On April 10th 2010, Polish President Lech Kaczyński and his wife Maria boarded a Soviet-made Tupolev Tu-154 jet bound for Smolensk, Russia. They were joined by the heads of the army and navy, the president of the national bank, prominent members of parliament, ex-president Ryszard Kaczorowski, and an 80-year-old Anna Walentynowicz. The reason for the trip was a memorial for the slaughter of 22,000 Polish officers in the Katyn forest during World War II. Around the time they boarded that plane, my wife and I were in Santiago, Chile, trying to bring our first child to term, and into the world. With help from Clínica Alemana and a few of their doctors, including three delicate surgeries by Drs. Donoso and Cunill, we were finally successful—times two—with twins. Not long after, my wife Sonia was taken to the hospital for hemorrhaging. She thought at first we had lost both, but we had lost one. A couple months or so later, on July 2nd (my brother’s birthday), we heard our daughter’s heart beat for the first time. Then on February 11th 2011, Isabel was born, healthy and screaming with life.
But back to that trip to Smolensk. Like many I’m sure, when I read about the crash I was stunned—my first absurd and grotesque response was to wonder if that cursed place hadn’t somehow pulled on the plane. I rejected the thought as soon as it came, and I reject it whenever it comes back. But I wonder how it crossed my mind in the first place, and why it must be impossible. In The Poetics of Space, Gaston Bachelard extols the imagination, tells how it “augments the values of reality” and how “one must be receptive, receptive to the image at the moment it appears.” He shows, too, how “inhabited space transcends geometrical space.” In one way or another, we sense that a meta-physical wave exists, and even try to bend it to fit our practical aims, like that clever inspirational line, “the harder I work, the luckier I get” (which really depends on the work, and on your luck in the first place). In Chile, I hear the phrase “buena onda,” or its opposite, “mala onda” (good wave or bad wave—between people, in the air, or in a place). And we have apparently made serious space for Marie Kondo’s peaceful salutations to a physical house, or clothes, or boxes, that have been a hit on Netflix. We have mantras like “Om, Shanti, Shanti, Shanti” which, as Christopher Wallis describes, work to help us use “our consciousness to shape reality…to manifest intention.” We knock on wood; we don’t say the ‘M’ word before the Scottish play. And then there’s God, who Marilynne Robinson thinks and writes about because, as she says, “only theology supports an ultimate coherency that can embrace equally the true, the tentative, and the flawed, as reality itself embraces them.” If there is real room for any or all of these, then my initial response to Anna’s plane crash would remain hideous (like the all-too-real carnage on that spot in 1940), but should be rendered something less than absurd.

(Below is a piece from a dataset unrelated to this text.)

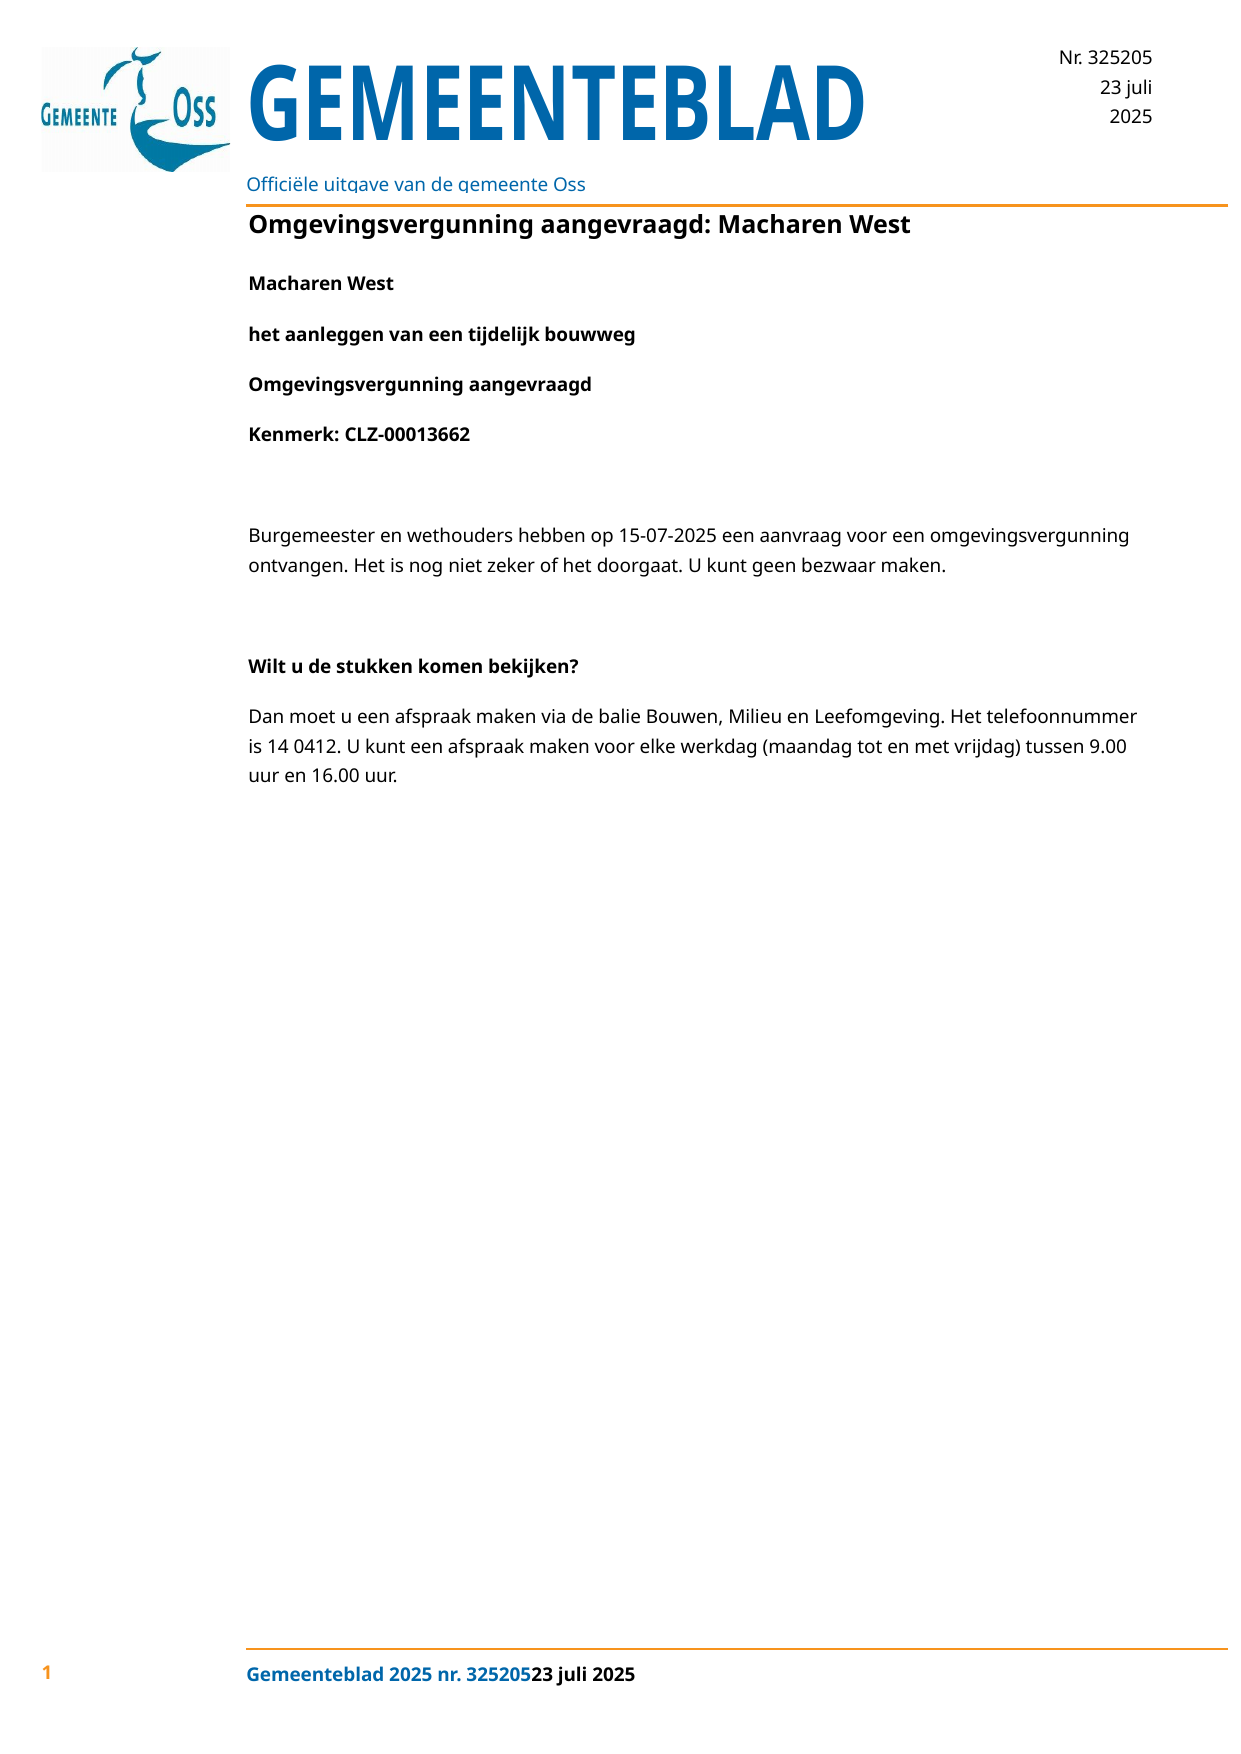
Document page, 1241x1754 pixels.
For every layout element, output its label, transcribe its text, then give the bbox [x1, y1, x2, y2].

There was also the question of sabotage, or foul play, though this has largely been a storyline pushed (without evidence) by the late president’s brother for political gain. It’s not a great stretch, of course, to see how such an event might be the product of a proud Putin, whose motherland was forced to admit that it had lied about the Katyn massacre. But it was probably one of those accidents that reality just has a hard time explaining. It was also, then, an opportunity for propaganda. There were loud and bizarre accusations by the Law and Justice party, investigations, bodies exhumed, theories, and more theories. Evidence for one proposition about manufactured fog involved the demonstration of steam from the boiling of sausages (which neutral observers found unconvincing). This was mostly the work of Jarosław Kaczyński, Lech’s twin brother and the leader of Law and Justice which now controls Poland. Jarosław’s spin (including a movie entitled Smolensk) was made easier because the plausible explanation at hand wasn’t itself quite convincing—that the pilots simply ignored warnings not to land in that weather, and then dropped too low in their approach, clipping trees and rolling, before hitting ground.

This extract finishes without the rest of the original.